_WHAT YOU WILL DO_.
Please take the records that follow and repeat exactly the lines starting with the line with "Female in Mali?" and going on through the line with "Provide a short and direct response. 56.8.".

_EXTRACTED INFORMATION_.
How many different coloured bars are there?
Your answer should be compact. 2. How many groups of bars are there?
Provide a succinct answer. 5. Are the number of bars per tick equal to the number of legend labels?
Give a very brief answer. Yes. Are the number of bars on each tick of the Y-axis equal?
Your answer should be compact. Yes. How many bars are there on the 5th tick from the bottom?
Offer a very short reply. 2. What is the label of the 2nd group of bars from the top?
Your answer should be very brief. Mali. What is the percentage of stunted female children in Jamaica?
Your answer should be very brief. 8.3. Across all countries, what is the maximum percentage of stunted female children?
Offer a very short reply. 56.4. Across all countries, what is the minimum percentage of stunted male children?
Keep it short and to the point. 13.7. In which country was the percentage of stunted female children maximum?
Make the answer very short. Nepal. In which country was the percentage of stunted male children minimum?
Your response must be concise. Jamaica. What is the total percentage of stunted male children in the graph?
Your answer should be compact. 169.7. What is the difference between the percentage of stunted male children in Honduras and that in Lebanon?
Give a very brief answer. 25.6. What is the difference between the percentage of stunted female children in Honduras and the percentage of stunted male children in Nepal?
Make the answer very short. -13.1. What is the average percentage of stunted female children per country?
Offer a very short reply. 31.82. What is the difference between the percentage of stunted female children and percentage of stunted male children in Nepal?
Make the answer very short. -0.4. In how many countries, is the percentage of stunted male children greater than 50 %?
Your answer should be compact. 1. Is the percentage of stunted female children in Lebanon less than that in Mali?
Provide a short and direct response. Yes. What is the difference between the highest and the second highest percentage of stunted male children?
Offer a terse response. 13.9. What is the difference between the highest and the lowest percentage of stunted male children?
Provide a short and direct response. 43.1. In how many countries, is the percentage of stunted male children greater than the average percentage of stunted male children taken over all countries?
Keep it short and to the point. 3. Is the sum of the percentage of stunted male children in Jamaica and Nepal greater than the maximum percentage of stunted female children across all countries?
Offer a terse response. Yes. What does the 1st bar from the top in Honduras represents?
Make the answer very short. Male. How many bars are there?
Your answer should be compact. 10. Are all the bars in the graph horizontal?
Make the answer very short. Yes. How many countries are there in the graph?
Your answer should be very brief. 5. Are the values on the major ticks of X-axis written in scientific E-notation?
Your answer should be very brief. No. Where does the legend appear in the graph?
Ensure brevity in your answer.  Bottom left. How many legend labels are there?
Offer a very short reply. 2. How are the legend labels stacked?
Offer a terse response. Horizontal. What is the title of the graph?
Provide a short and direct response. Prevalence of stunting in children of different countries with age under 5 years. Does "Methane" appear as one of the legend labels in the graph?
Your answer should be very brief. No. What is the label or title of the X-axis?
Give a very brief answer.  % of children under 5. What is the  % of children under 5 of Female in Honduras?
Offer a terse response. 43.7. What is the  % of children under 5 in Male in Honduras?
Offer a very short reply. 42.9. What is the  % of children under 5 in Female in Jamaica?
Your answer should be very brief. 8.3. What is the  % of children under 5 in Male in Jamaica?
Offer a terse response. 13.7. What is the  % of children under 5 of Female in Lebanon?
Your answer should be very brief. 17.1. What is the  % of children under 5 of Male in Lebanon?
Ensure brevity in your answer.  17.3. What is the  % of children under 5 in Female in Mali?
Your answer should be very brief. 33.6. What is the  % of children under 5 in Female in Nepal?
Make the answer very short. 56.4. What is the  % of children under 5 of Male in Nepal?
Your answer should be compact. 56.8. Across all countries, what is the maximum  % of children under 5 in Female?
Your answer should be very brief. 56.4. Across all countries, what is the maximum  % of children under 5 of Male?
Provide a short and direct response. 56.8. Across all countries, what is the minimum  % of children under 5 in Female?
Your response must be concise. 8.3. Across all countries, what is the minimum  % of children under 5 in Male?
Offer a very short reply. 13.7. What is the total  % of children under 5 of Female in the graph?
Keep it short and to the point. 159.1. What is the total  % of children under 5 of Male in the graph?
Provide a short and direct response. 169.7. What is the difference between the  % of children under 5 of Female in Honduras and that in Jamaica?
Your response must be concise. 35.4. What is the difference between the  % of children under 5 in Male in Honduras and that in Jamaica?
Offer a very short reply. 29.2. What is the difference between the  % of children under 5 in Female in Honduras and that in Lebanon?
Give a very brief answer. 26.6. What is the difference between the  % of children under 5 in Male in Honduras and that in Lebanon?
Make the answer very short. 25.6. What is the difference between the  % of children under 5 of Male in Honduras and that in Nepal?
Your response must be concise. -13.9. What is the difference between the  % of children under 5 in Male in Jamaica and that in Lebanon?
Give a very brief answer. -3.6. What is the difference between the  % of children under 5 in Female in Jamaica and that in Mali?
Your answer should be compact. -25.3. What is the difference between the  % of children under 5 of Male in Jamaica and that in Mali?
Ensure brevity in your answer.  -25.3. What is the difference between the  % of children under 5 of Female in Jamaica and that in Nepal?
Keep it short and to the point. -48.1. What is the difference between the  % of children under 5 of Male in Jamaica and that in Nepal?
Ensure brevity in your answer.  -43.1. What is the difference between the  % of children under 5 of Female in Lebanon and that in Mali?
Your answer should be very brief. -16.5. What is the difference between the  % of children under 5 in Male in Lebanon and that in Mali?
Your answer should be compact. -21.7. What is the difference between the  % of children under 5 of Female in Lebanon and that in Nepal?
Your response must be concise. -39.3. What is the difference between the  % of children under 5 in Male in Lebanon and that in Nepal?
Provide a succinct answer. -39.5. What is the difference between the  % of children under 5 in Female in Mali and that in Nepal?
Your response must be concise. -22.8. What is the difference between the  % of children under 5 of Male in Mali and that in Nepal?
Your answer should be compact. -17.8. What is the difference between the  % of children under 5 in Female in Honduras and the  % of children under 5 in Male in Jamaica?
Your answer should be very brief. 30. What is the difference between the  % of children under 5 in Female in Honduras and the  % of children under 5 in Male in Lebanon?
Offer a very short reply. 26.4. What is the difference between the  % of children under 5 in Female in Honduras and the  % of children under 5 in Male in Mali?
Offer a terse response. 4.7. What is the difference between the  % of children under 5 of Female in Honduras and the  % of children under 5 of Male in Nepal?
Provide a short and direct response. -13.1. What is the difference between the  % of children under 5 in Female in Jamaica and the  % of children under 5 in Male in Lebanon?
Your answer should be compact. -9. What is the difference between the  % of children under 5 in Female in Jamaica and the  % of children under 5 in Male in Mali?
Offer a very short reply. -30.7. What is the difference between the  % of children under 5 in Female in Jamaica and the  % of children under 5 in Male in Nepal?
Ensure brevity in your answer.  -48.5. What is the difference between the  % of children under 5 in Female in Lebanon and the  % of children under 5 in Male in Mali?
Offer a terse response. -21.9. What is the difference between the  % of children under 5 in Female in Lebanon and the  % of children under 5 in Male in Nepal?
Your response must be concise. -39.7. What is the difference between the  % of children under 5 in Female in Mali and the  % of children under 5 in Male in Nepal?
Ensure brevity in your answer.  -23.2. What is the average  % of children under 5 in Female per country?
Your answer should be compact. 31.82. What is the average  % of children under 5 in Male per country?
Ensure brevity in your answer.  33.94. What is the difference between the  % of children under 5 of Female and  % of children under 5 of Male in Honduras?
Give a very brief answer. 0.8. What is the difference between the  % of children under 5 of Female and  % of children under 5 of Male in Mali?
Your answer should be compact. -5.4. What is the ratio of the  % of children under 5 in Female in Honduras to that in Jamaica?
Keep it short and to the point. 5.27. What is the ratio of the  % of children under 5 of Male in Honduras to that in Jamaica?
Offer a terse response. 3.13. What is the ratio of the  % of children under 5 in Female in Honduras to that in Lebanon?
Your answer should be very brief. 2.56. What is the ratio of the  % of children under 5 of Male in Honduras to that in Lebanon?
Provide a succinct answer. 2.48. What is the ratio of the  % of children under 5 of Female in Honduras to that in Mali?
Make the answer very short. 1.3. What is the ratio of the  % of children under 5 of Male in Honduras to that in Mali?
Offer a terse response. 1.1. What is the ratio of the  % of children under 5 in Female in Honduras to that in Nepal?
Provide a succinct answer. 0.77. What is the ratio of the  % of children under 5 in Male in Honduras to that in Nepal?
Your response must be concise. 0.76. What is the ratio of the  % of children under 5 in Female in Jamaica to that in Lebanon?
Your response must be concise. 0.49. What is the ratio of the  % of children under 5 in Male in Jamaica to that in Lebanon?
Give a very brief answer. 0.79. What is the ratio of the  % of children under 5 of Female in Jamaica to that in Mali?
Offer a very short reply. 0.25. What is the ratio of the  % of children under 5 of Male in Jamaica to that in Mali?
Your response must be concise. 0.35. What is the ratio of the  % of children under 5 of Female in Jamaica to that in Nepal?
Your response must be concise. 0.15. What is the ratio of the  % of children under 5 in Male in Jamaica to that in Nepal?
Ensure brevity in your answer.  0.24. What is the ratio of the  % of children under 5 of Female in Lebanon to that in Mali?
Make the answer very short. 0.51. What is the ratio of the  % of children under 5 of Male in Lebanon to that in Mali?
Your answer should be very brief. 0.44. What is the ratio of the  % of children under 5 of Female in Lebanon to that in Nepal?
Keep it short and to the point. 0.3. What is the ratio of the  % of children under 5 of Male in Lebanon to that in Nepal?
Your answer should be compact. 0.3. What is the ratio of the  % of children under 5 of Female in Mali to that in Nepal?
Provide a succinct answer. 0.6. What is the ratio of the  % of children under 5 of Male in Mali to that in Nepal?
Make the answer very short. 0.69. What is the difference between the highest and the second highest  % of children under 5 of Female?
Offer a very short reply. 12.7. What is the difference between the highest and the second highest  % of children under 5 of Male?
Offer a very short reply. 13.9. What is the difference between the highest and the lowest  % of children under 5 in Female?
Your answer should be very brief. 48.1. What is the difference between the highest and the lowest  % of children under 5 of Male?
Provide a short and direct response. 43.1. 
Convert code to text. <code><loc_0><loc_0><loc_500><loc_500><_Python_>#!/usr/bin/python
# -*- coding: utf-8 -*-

_TASK RESULT_.
Ensure brevity in your answer.  17.3. What is the  % of children under 5 in Female in Mali?
Your answer should be very brief. 33.6. What is the  % of children under 5 in Female in Nepal?
Make the answer very short. 56.4. What is the  % of children under 5 of Male in Nepal?
Your answer should be compact. 56.8. Across all countries, what is the maximum  % of children under 5 in Female?
Your answer should be very brief. 56.4. Across all countries, what is the maximum  % of children under 5 of Male?
Provide a short and direct response. 56.8. Across all countries, what is the minimum  % of children under 5 in Female?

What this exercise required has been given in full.